Records from a dataset:
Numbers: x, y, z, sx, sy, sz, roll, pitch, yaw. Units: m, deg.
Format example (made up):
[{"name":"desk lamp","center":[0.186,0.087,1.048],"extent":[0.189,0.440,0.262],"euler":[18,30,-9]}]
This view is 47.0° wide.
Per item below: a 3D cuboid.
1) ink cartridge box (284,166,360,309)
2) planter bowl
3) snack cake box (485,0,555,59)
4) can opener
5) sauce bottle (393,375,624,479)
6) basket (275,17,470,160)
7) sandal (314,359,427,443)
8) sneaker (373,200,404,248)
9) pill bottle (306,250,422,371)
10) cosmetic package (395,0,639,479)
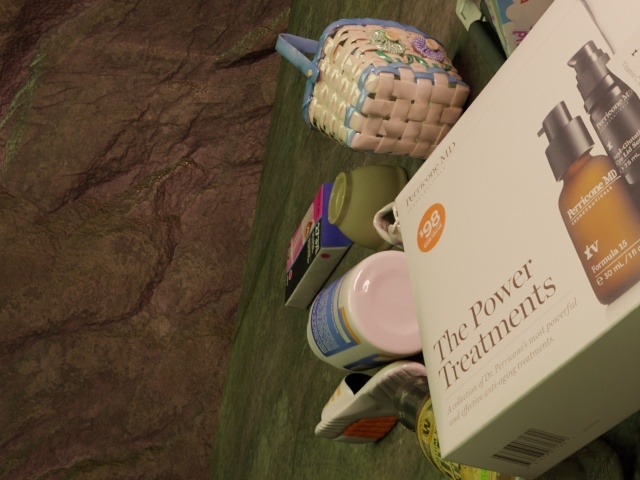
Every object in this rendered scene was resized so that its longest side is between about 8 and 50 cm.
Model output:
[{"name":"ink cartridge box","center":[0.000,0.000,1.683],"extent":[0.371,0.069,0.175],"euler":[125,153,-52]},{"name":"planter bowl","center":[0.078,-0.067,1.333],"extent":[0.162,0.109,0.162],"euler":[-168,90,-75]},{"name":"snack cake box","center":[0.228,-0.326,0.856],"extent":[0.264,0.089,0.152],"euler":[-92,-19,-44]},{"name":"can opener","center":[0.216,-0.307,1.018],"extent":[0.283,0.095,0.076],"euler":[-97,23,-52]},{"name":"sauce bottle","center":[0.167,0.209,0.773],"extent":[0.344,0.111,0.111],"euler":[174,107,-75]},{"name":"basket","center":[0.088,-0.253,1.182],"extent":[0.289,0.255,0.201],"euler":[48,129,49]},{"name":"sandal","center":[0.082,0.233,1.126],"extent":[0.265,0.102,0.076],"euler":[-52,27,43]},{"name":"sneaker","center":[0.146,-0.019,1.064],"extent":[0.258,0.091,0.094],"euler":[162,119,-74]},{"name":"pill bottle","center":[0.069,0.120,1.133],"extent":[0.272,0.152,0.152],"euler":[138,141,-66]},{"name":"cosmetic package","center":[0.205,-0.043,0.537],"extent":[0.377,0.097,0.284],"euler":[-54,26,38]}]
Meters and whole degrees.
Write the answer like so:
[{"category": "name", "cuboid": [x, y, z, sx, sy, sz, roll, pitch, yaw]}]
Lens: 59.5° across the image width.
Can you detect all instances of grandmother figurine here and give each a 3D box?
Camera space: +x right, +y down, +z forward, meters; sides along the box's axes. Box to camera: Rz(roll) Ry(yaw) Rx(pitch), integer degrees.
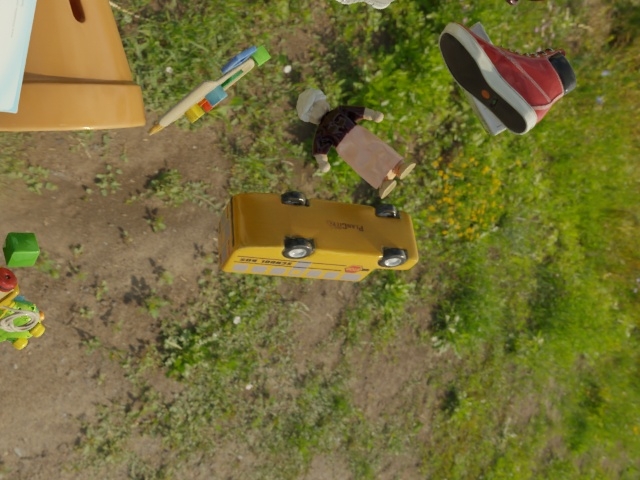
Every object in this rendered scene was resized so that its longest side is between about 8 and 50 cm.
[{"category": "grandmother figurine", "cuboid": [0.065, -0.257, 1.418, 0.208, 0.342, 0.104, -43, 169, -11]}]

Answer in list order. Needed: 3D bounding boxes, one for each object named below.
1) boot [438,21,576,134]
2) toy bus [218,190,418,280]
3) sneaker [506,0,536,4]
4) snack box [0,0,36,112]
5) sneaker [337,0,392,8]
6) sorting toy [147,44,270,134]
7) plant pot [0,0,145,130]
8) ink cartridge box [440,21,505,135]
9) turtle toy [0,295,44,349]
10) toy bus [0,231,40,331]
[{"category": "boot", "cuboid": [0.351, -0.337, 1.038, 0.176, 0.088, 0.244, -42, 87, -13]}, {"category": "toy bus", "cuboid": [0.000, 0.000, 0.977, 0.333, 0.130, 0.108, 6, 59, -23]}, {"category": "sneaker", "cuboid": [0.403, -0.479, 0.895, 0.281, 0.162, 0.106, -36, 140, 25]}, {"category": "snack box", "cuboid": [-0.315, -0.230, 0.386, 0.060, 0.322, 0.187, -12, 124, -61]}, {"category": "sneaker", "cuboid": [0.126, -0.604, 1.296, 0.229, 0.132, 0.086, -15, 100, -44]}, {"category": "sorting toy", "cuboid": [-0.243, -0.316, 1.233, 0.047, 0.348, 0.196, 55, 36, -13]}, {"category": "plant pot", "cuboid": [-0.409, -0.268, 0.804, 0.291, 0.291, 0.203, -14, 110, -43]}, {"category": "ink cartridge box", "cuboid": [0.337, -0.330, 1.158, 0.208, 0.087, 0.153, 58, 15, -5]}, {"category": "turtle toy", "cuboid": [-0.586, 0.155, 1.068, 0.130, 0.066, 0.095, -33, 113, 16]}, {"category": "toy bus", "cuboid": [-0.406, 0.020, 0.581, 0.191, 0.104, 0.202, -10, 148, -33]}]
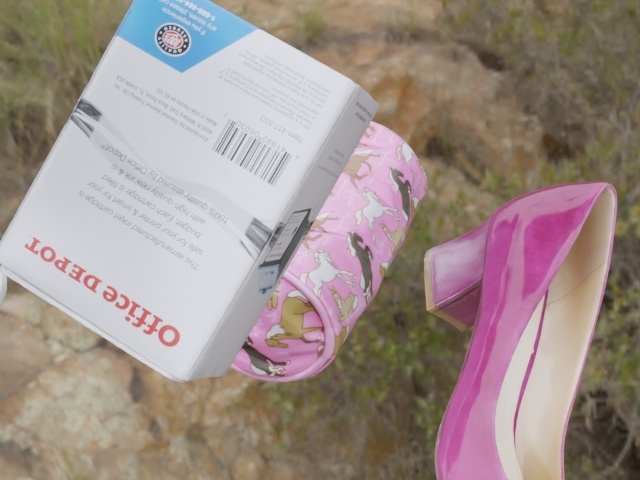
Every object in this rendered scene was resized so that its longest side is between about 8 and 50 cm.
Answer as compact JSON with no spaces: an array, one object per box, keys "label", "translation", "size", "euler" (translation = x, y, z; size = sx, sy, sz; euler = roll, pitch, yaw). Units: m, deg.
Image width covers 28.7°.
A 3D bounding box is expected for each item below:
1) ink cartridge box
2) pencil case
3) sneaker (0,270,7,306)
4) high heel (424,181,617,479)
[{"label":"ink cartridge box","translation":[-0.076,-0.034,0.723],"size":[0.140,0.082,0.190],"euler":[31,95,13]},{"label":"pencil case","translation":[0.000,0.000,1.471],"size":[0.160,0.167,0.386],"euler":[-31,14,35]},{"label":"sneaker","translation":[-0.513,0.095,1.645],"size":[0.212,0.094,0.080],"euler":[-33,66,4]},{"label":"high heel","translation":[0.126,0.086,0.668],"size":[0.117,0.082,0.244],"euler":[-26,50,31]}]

* * *

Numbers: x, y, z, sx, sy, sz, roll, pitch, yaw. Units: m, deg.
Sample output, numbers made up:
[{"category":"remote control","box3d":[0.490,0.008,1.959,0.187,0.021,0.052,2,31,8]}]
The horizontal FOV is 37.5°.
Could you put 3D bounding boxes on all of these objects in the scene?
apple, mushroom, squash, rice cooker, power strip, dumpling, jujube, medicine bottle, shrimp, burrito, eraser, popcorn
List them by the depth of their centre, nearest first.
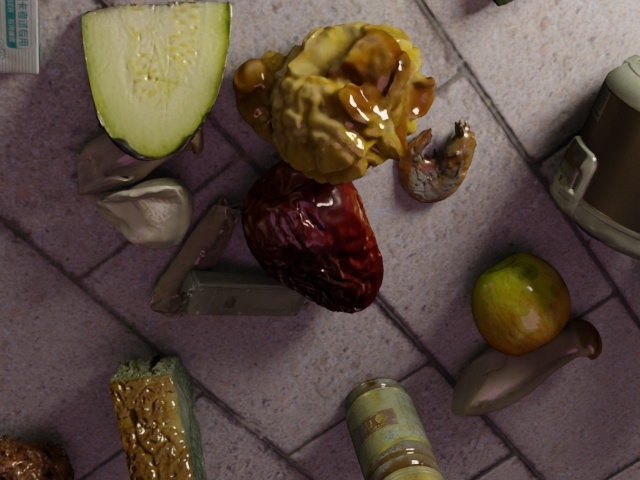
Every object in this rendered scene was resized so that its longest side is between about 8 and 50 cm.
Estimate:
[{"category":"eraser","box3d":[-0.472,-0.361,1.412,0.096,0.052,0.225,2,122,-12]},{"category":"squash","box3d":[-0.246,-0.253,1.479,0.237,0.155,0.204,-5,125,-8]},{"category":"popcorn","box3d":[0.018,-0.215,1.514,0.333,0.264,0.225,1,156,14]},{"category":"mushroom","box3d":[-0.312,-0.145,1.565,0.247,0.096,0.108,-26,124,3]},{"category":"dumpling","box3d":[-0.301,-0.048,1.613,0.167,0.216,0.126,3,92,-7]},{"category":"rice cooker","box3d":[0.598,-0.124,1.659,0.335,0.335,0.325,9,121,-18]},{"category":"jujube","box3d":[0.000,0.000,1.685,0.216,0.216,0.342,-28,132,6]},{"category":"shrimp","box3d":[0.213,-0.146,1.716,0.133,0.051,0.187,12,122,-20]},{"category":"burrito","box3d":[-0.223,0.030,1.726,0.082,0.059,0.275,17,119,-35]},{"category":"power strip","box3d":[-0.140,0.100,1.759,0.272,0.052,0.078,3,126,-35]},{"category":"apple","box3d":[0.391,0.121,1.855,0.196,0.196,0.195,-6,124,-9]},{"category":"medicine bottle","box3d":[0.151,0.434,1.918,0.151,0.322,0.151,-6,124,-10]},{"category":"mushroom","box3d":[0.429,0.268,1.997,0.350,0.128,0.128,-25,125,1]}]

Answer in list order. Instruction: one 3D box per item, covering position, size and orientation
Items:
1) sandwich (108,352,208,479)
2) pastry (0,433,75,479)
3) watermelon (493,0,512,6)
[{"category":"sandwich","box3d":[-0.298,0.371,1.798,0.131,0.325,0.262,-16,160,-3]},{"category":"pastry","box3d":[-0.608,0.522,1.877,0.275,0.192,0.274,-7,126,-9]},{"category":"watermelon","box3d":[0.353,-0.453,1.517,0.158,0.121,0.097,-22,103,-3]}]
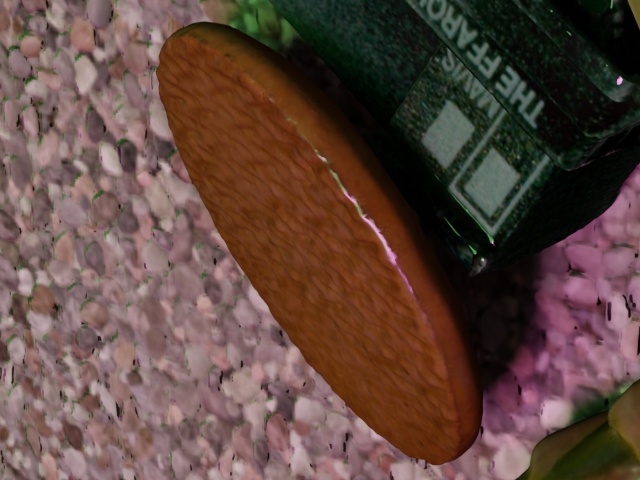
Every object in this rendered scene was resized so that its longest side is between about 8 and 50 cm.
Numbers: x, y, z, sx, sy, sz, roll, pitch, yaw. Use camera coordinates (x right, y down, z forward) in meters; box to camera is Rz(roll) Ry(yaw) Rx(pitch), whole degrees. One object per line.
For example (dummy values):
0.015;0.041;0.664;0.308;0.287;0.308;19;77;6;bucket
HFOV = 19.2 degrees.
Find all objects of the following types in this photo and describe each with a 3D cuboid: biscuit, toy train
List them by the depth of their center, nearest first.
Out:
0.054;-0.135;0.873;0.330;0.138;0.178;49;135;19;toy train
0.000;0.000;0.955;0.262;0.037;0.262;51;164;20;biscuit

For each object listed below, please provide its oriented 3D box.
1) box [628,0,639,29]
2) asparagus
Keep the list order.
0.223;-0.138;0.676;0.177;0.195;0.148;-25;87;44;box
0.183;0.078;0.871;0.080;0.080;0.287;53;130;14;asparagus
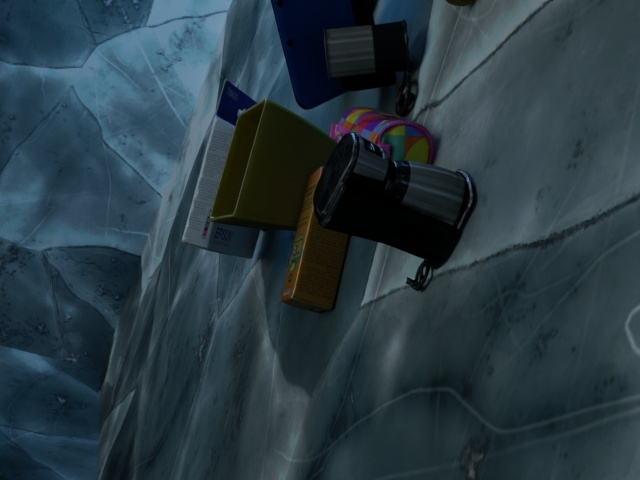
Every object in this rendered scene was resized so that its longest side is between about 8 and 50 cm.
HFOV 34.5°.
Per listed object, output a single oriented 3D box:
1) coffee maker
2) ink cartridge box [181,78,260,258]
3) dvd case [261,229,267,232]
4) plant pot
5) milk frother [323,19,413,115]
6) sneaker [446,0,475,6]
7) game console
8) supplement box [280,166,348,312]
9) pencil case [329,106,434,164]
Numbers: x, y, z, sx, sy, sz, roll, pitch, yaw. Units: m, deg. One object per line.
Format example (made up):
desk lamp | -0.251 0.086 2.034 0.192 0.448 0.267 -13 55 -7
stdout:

Problem description: With the line holding "Numbers: x, y, z, sx, sy, sz, roll, pitch, yaw. Use" as the first and the line holding "0.015;0.041;0.664;0.308;0.287;0.308;19;77;6;bucket" as the last, set down that range of the entries above exactly, and nothing else.

Result of this task:
Numbers: x, y, z, sx, sy, sz, roll, pitch, yaw. Use camera coordinates (x right, y down, z forward) in meters; box to camera is Rz(roll) Ry(yaw) Rx(pitch), whole degrees. One object per line.
For example (dummy values):
0.015;0.041;0.664;0.308;0.287;0.308;19;77;6;bucket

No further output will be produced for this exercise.